I played a lot with parameters (plt.ion() ; plt.pause() ; plt.show(block=False)). Most of the time, this led to empty plot windows or I needed to close the window to continue the execution.

Thanks for your help !

1
pythonmatplotlibpycharm
You cannot work in two different event loops at once. Why can't you just plot everything the normal way and use the closure of the window as the trigger for continuation of the program? - ImportanceOfBeingErnest
The normal way ? If I use the closure of the windows as the trigger to continue, even when I recall figure(1), I can't find a way to plot a second element on top of the 1st one (without redo a plt.plot with the first dataset). But sometimes I just want to do multiple plots and let them all open until the end of the execution. Thanks! - Capy
@ImportanceOfBeingErnest This post is looking at the same issue Similar question and it basically uses the same workaround with a pause (figures are plotted correctly but unresponsive) - Capy
So does the accepted answer from the linked question work for you? In my case it does the same as here: the input blocks the window event loop, which thereby becomes unresponsive. - ImportanceOfBeingErnest
@ImportanceOfBeingErnest You are right, I have the behavior, plots are correct but in an unresponsive windows.

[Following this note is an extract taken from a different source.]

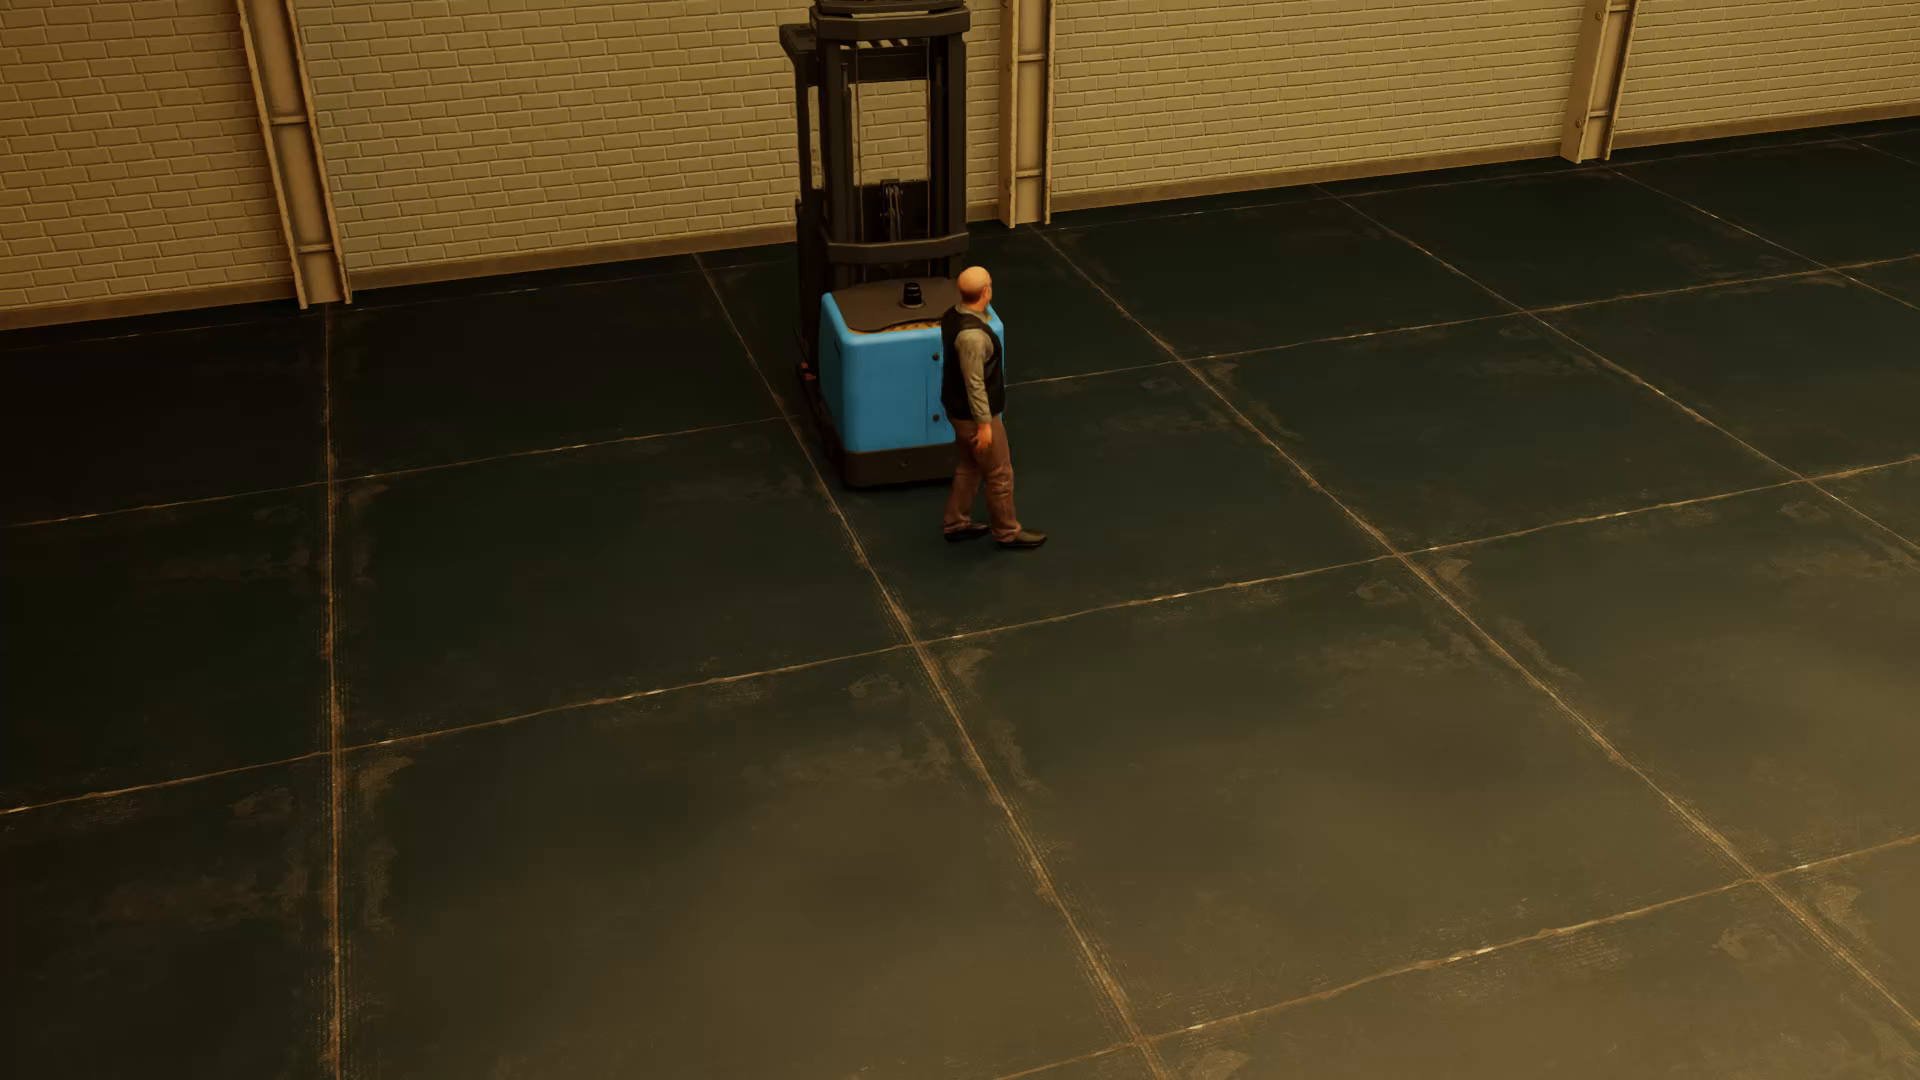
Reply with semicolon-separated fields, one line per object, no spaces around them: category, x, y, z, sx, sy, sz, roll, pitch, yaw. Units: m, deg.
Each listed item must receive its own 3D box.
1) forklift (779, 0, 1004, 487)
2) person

I think trying to mimic what Matlab does is not the right approach. So I can either do it in non-interactive mode and wait for all the data before plotting everything in one figure (then close it) or save figures in files if I want to review all of them at the end of the execution. Thanks a lot for your help! - Capy

1 Answers

0
votes

Once plt.show() is called the main loop is taken over by the Window. Therefore, as soon as input get's called, the main loop becomes unresponsive.

You could try to stay in the GUI loop and handle the key press there.

import matplotlib
matplotlib.use('TkAgg')
import matplotlib.pyplot as plt

print('Plotting Data...')

fig, ax = plt.subplots()
ax.set_xlabel('x label')
ax.set_ylabel('y label')
i=[0]

def f1():
    ax.plot([1, 5, 10, 20], [1, 5, 10, 20])

def f2():
    ax.plot([1, 5, 10, 20], [2, 10, 20, 40])

def f3():
    ax.plot([1, 5, 10, 20], [5, 9, 17, 28])


def update(event=None):
    if i[0]==0: f1()
    if i[0]==1: f2()
    if i[0]==2: f3()
    fig.canvas.draw_idle()
    i[0]+=1
    print('Step {} done..., Press a key to continue'.format(i[0]))

fig.canvas.mpl_connect("key_press_event", update)    

update()
plt.show()